[Exercise]
Everything from the line holding "Numbers: x, y, z, sx, sy, sz, roll, pitch, yaw." through the final line of the records is to be transcribed exactly, except pictures, and nothing beyond that.

[Exercise data]
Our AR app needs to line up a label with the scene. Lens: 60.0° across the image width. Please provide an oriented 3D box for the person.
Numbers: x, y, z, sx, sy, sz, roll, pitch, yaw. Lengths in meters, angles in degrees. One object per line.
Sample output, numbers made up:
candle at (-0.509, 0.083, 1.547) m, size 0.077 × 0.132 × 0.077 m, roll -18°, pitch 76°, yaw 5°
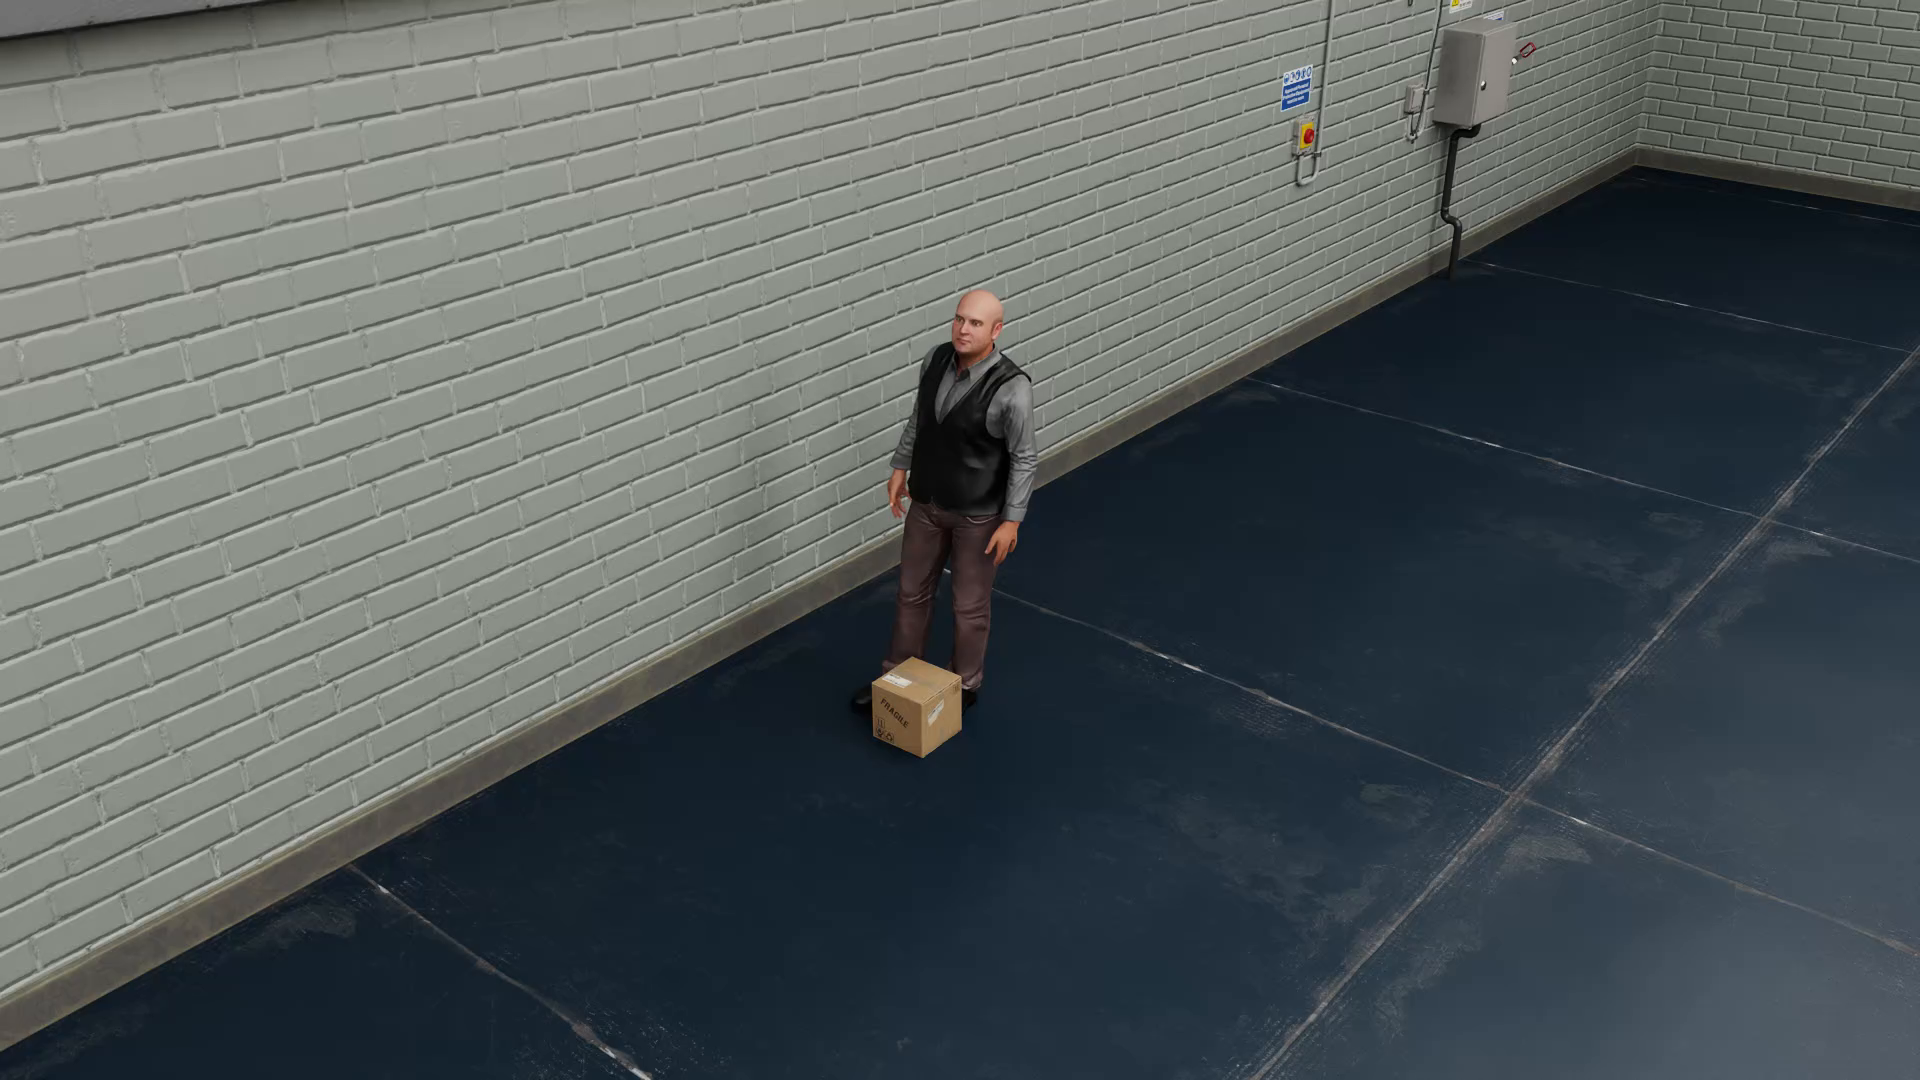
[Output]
person at (-0.047, -0.101, 6.323) m, size 0.632 × 1.721 × 0.568 m, roll 21°, pitch 34°, yaw 35°

[Solved problem]
Numbers: x, y, z, sx, sy, sz, roll, pitch, yaw. Lengths in meters, angles in degrees. One object per line.
Sample output, numbers made up:
candle at (-0.509, 0.083, 1.547) m, size 0.077 × 0.132 × 0.077 m, roll -18°, pitch 76°, yaw 5°
[Output]
person at (-0.047, -0.101, 6.323) m, size 0.632 × 1.721 × 0.568 m, roll 21°, pitch 34°, yaw 35°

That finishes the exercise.